Each line from the one that contains "Give a very brief answer. 1." to the end of the entries must be copied word for word, and only those lines.

Collection entries
__________________________________________________
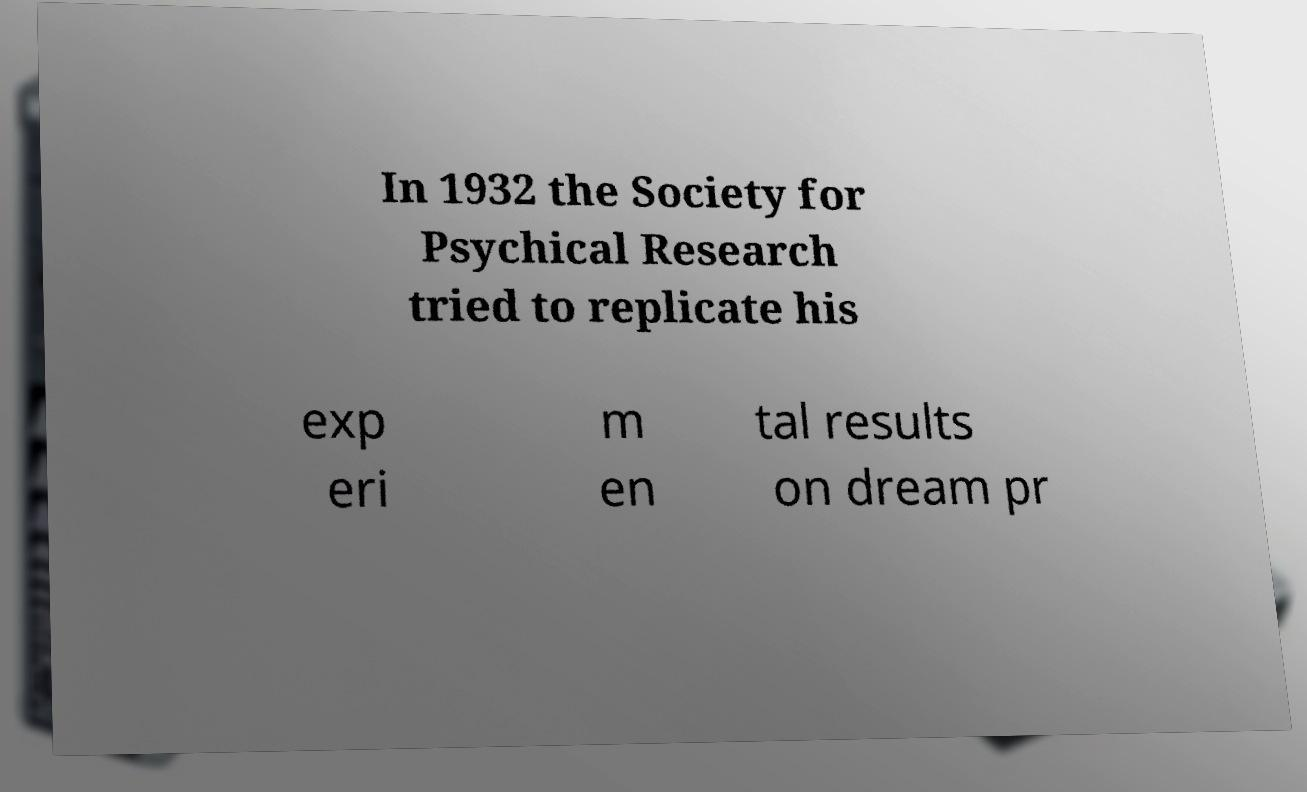For documentation purposes, I need the text within this image transcribed. Could you provide that? In 1932 the Society for Psychical Research tried to replicate his exp eri m en tal results on dream pr 
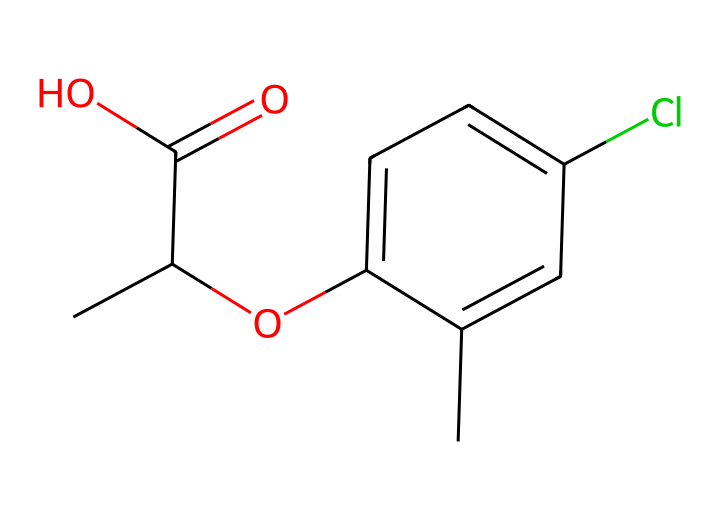What is the molecular formula of mecoprop? The SMILES representation can be translated to a molecular formula by counting the atoms present: there are 12 carbon atoms, 13 hydrogen atoms, 3 oxygen atoms, and 1 chlorine atom, resulting in a formula of C12H13ClO3.
Answer: C12H13ClO3 How many carbon atoms are present in mecoprop? By examining the SMILES representation, one can count the 'C' entries, which indicate the number of carbon atoms. There are 12 instances of 'C' in the SMILES representation.
Answer: 12 What functional group is characteristic of mecoprop's structure? The presence of the carboxylic acid group (–COOH) is indicated by the presence of a carbon atom double-bonded to an oxygen atom and single-bonded to a hydroxyl group (O). This functional group defines its acidic property.
Answer: carboxylic acid What does the Cl in the structure of mecoprop signify? The 'Cl' in the SMILES structure represents a chlorine atom, which is a halogen. Its presence suggests the compound may have properties such as increased herbicidal activity due to the electronegativity of chlorine.
Answer: chlorine Why is mecoprop classified as a herbicide? Mecoprop's structure includes several features typical of herbicides, such as the ability to disrupt plant growth hormones (auxins), which is indicated by its specific molecular arrangement and functional groups, particularly the carboxylic acid.
Answer: disruption of plant hormones In what environments is mecoprop typically found? Mecoprop is commonly used in urban areas, parks, and turf management, as indicated by its intended use as a herbicide for controlling unwanted vegetation in such settings.
Answer: urban areas What is the main purpose of the ester group in mecoprop's structure? The ester group is indicated by the 'O' connected to both a carbon atom and another part of the molecule, suggesting that it may aid in solubility and mobility within the target plants, making it effective as a herbicide.
Answer: solubility and mobility 
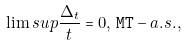<formula> <loc_0><loc_0><loc_500><loc_500>\lim s u p \frac { \Delta _ { t } } { t } = 0 , \, { \tt M T } - a . s . ,</formula> 
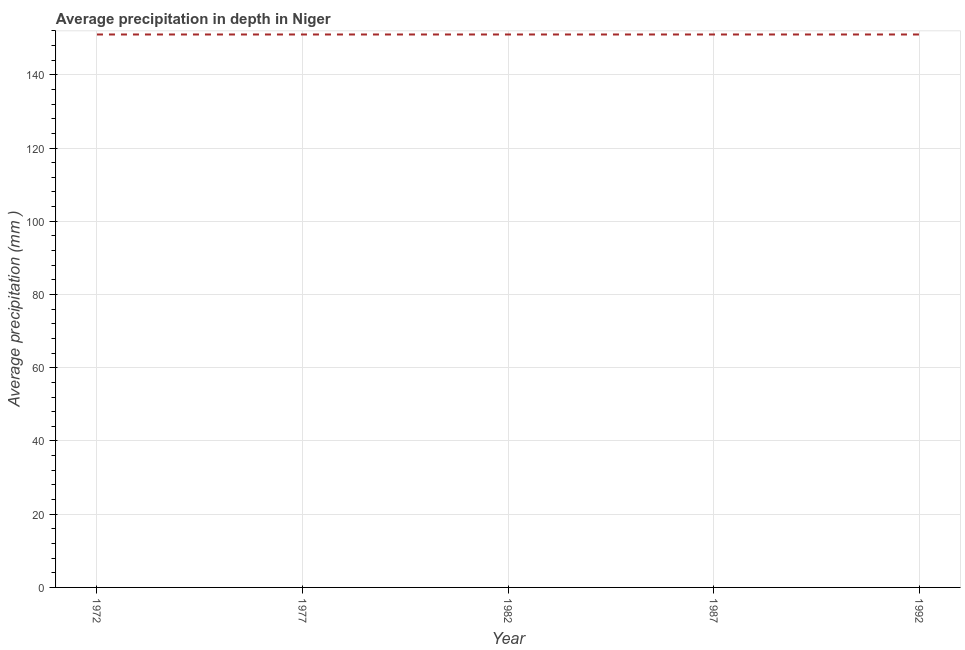What is the average precipitation in depth in 1992?
Your answer should be very brief. 151. Across all years, what is the maximum average precipitation in depth?
Keep it short and to the point. 151. Across all years, what is the minimum average precipitation in depth?
Give a very brief answer. 151. In which year was the average precipitation in depth maximum?
Make the answer very short. 1972. In which year was the average precipitation in depth minimum?
Keep it short and to the point. 1972. What is the sum of the average precipitation in depth?
Make the answer very short. 755. What is the average average precipitation in depth per year?
Your answer should be compact. 151. What is the median average precipitation in depth?
Keep it short and to the point. 151. What is the ratio of the average precipitation in depth in 1972 to that in 1987?
Your answer should be compact. 1. Is the sum of the average precipitation in depth in 1987 and 1992 greater than the maximum average precipitation in depth across all years?
Provide a succinct answer. Yes. In how many years, is the average precipitation in depth greater than the average average precipitation in depth taken over all years?
Make the answer very short. 0. Does the average precipitation in depth monotonically increase over the years?
Make the answer very short. No. How many lines are there?
Your response must be concise. 1. Does the graph contain any zero values?
Your answer should be compact. No. Does the graph contain grids?
Your response must be concise. Yes. What is the title of the graph?
Give a very brief answer. Average precipitation in depth in Niger. What is the label or title of the X-axis?
Your answer should be compact. Year. What is the label or title of the Y-axis?
Make the answer very short. Average precipitation (mm ). What is the Average precipitation (mm ) of 1972?
Give a very brief answer. 151. What is the Average precipitation (mm ) in 1977?
Provide a succinct answer. 151. What is the Average precipitation (mm ) in 1982?
Make the answer very short. 151. What is the Average precipitation (mm ) of 1987?
Keep it short and to the point. 151. What is the Average precipitation (mm ) in 1992?
Your response must be concise. 151. What is the difference between the Average precipitation (mm ) in 1972 and 1987?
Make the answer very short. 0. What is the difference between the Average precipitation (mm ) in 1977 and 1982?
Give a very brief answer. 0. What is the difference between the Average precipitation (mm ) in 1982 and 1992?
Provide a short and direct response. 0. What is the difference between the Average precipitation (mm ) in 1987 and 1992?
Offer a very short reply. 0. What is the ratio of the Average precipitation (mm ) in 1972 to that in 1977?
Make the answer very short. 1. What is the ratio of the Average precipitation (mm ) in 1972 to that in 1987?
Give a very brief answer. 1. What is the ratio of the Average precipitation (mm ) in 1977 to that in 1982?
Provide a succinct answer. 1. What is the ratio of the Average precipitation (mm ) in 1977 to that in 1987?
Your answer should be very brief. 1.
__________________________________________________
### Solution to this exercise
Give a very brief answer. 1. What is the ratio of the Average precipitation (mm ) in 1977 to that in 1982?
Provide a succinct answer. 1. What is the ratio of the Average precipitation (mm ) in 1977 to that in 1987?
Your answer should be very brief. 1.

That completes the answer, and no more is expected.